AJ Christensen (Sr., Forreston) came into the finals with the top seeds in the hurdles. The first was an easy win in 14.37. Barr placed 2nd and Artman took 4th. Later in the 300H, Christensen 37.97 to easily win the title.
The Big 3 distance trio bows out gracefully-
The opening race was the 3200m where blazing weather conditions dictated the pace. Jack McNabola (Sr., Chicago Francis Parker), Logan Hall (Sr., Arthur), and Wyatt McIntyre (Sr., Athens) stuck to the script and crawled through the first mile in 4:52. Soon after Noah Smith (Jr., El Paso-Gridley) grew tired of the boring pace and bolted into the lead and tried to speed off. He was later recovered by McNabola and Hall who ensued in a fast finish. McIntyre tried in vain to be a part of the action but could not. McNabola was able to hold off Hall in a furious finish 9:24.68-9:25.14. McIntyre settled for third in 9:33.29.

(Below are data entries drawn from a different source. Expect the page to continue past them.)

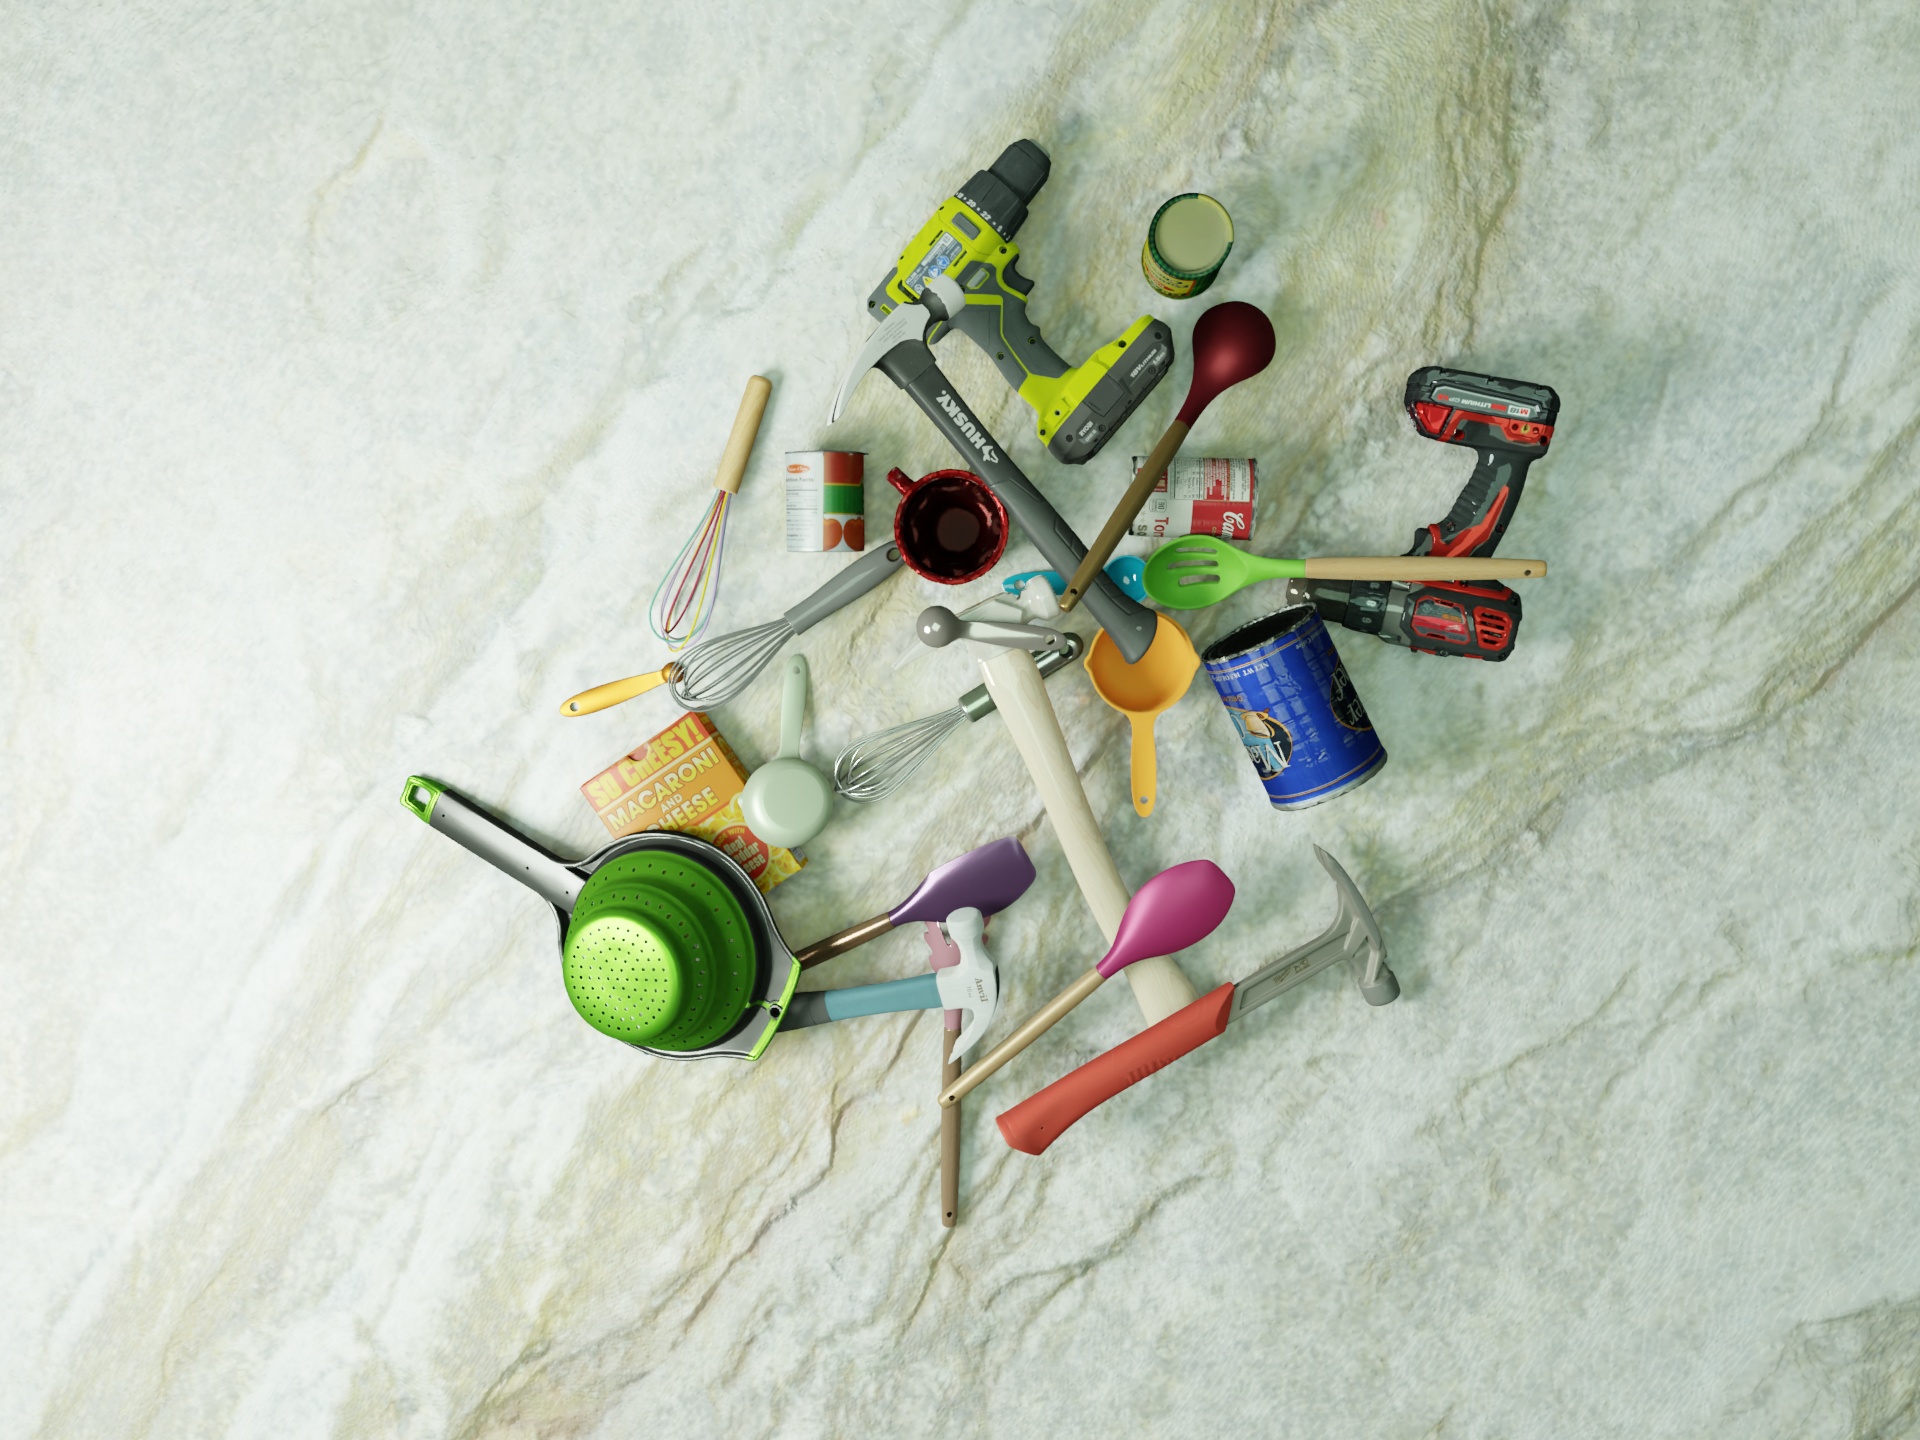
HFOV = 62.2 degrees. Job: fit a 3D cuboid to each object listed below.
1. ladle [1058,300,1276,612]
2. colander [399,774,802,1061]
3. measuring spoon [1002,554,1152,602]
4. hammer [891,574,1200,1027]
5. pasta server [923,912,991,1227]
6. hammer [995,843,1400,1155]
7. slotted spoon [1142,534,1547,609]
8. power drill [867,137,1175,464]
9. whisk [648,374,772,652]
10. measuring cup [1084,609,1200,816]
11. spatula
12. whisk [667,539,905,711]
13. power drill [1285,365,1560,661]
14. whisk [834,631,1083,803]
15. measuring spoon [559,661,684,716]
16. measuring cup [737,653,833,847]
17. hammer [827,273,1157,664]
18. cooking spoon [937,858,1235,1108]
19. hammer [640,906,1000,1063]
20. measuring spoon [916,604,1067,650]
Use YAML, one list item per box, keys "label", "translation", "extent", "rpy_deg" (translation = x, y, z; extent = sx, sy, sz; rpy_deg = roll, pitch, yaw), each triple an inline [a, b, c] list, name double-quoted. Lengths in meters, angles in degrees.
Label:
- label: "ladle"
  translation: [0.162, -0.215, 1.270]
  extent: [0.069, 0.031, 0.315]
  rpy_deg: [31, 77, 6]
- label: "colander"
  translation: [-0.330, 0.160, 1.332]
  extent: [0.397, 0.094, 0.204]
  rpy_deg: [29, 107, 11]
- label: "measuring spoon"
  translation: [0.100, -0.118, 1.349]
  extent: [0.128, 0.021, 0.042]
  rpy_deg: [-1, 97, 13]
- label: "hammer"
  translation: [0.089, 0.093, 1.335]
  extent: [0.146, 0.038, 0.410]
  rpy_deg: [-26, 100, -3]
- label: "pasta server"
  translation: [-0.006, 0.291, 1.392]
  extent: [0.060, 0.040, 0.316]
  rpy_deg: [2, 100, 4]
- label: "hammer"
  translation: [0.188, 0.250, 1.333]
  extent: [0.359, 0.037, 0.149]
  rpy_deg: [-29, 102, -3]
- label: "slotted spoon"
  translation: [0.303, -0.120, 1.275]
  extent: [0.314, 0.031, 0.070]
  rpy_deg: [1, 126, 16]
- label: "power drill"
  translation: [0.063, -0.339, 1.297]
  extent: [0.228, 0.080, 0.190]
  rpy_deg: [42, 98, 2]
- label: "whisk"
  translation: [-0.210, -0.175, 1.351]
  extent: [0.051, 0.047, 0.245]
  rpy_deg: [18, 92, -7]
- label: "measuring cup"
  translation: [0.152, -0.008, 1.337]
  extent: [0.095, 0.052, 0.173]
  rpy_deg: [-1, 98, 4]
- label: "spatula"
  translation: [-0.079, 0.182, 1.362]
  extent: [0.316, 0.018, 0.059]
  rpy_deg: [-25, 103, 16]
- label: "whisk"
  translation: [-0.144, -0.084, 1.346]
  extent: [0.239, 0.055, 0.055]
  rpy_deg: [-34, 93, -3]
- label: "power drill"
  translation: [0.377, -0.169, 1.294]
  extent: [0.188, 0.080, 0.226]
  rpy_deg: [12, 101, 9]
- label: "whisk"
  translation: [-0.002, -0.004, 1.350]
  extent: [0.246, 0.059, 0.057]
  rpy_deg: [-32, 105, 2]
- label: "measuring spoon"
  translation: [-0.296, -0.025, 1.383]
  extent: [0.117, 0.011, 0.021]
  rpy_deg: [-18, 94, 5]
- label: "measuring cup"
  translation: [-0.142, 0.024, 1.348]
  extent: [0.083, 0.038, 0.168]
  rpy_deg: [6, 82, -16]
- label: "hammer"
  translation: [0.039, -0.177, 1.254]
  extent: [0.146, 0.035, 0.334]
  rpy_deg: [-44, 102, -15]
- label: "cooking spoon"
  translation: [0.100, 0.228, 1.338]
  extent: [0.319, 0.017, 0.068]
  rpy_deg: [-42, 99, 13]
- label: "hammer"
  translation: [-0.125, 0.245, 1.362]
  extent: [0.331, 0.033, 0.128]
  rpy_deg: [-11, 108, 15]
- label: "measuring spoon"
  translation: [0.026, -0.070, 1.276]
  extent: [0.124, 0.018, 0.034]
  rpy_deg: [6, 97, -8]

In between the best distance runners in classification history was the 800m. Already billed as the deepest and most talented Class A field in history, the overall quality did not disappoint. Top-ranked runners Riley Wells (Jr., Rockford Christian), Jacob Bryan (Sr., Illini West), and Shane Yamco (Jr., Riverton) set a solid opening lap pace. Wells was able to outlast Bryan for his second straight title in 1:53.72. Bryan ran a personal best 1:54.11 and Yamco took the bronze in a PR 1:54.33. Four runners broke 1:55, seven were under 1:56, and it took 1:57.66 to medal. All 12 finalists broke 2:00 which is a record for the classification.
Hall completed his IHSA career with a victory in the 1600m. The U of Illinois bound standout took matters into his own hands when it mattered most. On the penultimate lap, Hall was in the catbird seat. With less than 200 to go it was his turn to unleash his kick and unfortunately, McIntyre was on the downside of it again. Hall ran 4:22.45 for his first-mile title.